Like a lot of Classicists I know, I have eagerly been anticipating the latest film from the Coen brothers, Hail, Caesar! I expect, however, that I might be slightly unusual in that besides a vague professional interest in how the ancient world is depicted on screen, I also have a deep and abiding love for Hollywood films of the forties and fifties, which are exactly the setting for this movie. (I did, after all, spend a recent Sunday afternoon in the cinema watching Cover Girl, which stars my favourite song and dance man Gene Kelly alongside Rita Hayworth. Gene Kelly is the model for the character played by Channing Tatum, who first appears on screen as the lead in an ensemble cast of Navy men, bemoaning their forthcoming time at sea and lack of women: ‘We’ll see a lot of fish but we’ll never see a dish!’ This throwback to Kelly is no where more evident than when they are dancing on tables whilst the disgruntled barkeep pulls the tablecloths from under their feet.) There are colleagues more expert than I who have already begun writing about classical themes in the film, and there is little that I would want to add, except that I particularly enjoyed seeing replicas of the Augustus Prima Porta flanking the temple on the stage set for the film within a film that provided the title. Instead, as I sat in the dark cinema scribbling illegible notes to myself, it wasn’t the representation of Rome that piqued my interest, but something else all together.

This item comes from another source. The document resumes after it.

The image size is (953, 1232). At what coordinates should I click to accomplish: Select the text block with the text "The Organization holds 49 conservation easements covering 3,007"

The film within a film, Hail Caesar: A Story of the Christ, in which George Clooney’s character of Baird Whitlock stars, is a send-up of the typical big budget sword and sandal epics of the mid-twentieth century. It is Ben-Hur and Quo Vadis and The Ten Commandments all rolled into one. But most importantly, it is Spartacus – not the film itself, but the circumstances in which the film was made. Made in 1960, Stanley Kubrick‘s film and its star Kirk Douglas, went some way to end the blacklisting that had run rampant in Hollywood throughout the late 1940s and the 1950s. Howard Fast, who wrote the novel on which the film was based, was blacklisted and as a result, originally had to self-publish his book. He was called before the House Un-American Activities Committee (HUAC) in 1950, but refused to name any fellow members of the Communist Party. The screenwriter for the film was a man named Dalton Trumbo, who had been blacklisted in 1947 as part of the Hollywood Ten, a group who were accused by HUAC of not only subverting democracy by inserting Communist propaganda into their films, but also for refusing to cooperate with the Congressional hearings. Douglas is credited with insisting that Trumbo not use a pseudonym in the credits, and thus ended the blacklisting. Rather famously, JFK crossed picket lines in order to see the film, demonstrating that the activities of McCarthyism were well and truly at an end.

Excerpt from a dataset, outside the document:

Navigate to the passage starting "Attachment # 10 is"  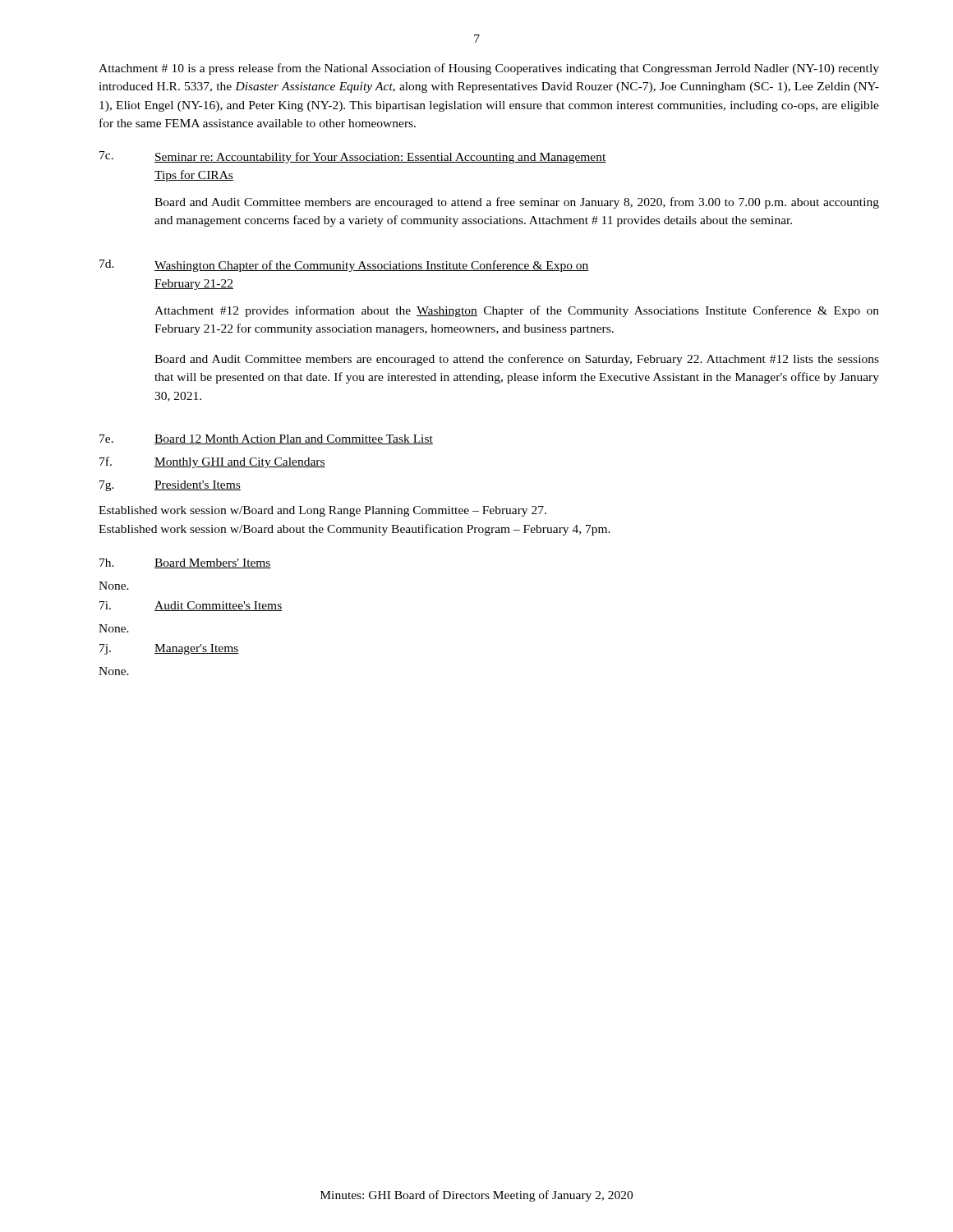coord(489,95)

So… what does this have to do with the latest effort of the Coen brothers? Herein lies the only spoiler: there are Communists in the film. Screenwriters, producers, and others gather to bemoan their role in producing for the studio, which they claim is an instrument of capitalism. That they are speaking of a company called Capital Studios is surely no coincidence. As part of their discussion over finger sandwiches and tea in a Malibu mansion, they cheer themselves for inserting Communist ideas into films, exactly as the Hollywood Ten were accused of doing. When Clooney’s character is kidnapped and converted to the political and economic agenda of the Communists, he threatens, upon learning he won’t get a share of the ransom paid to return him, to ‘name names.’ The elements that surround this plotline, which is indeed only one of many in the film overall, are clearly more about the history of blacklisting in Hollywood than it is about Rome itself. Others have commented on the economic aspects of this film, but I think have failed to recognise the significance of the statement this makes about politics, the arts, and fear. Douglas said, in reference to his work on Spartacus, ‘I was making a film about freedom at a time when freedom in America was in jeopardy.’ Well, quite. In the current political climate in the U.S., with many recent comparisons between a declining American way of life and the end of the Roman Empire, it seems the Coens have inserted a pertinent warning wrapped up in farce of just how bad things can get when party politics, fear-mongering rhetoric, and demagoguery rule the day.
I think maybe I’ll go watch Gene Kelly dance his way across Paris and into Leslie Caron’s heart. That’s a much nicer story.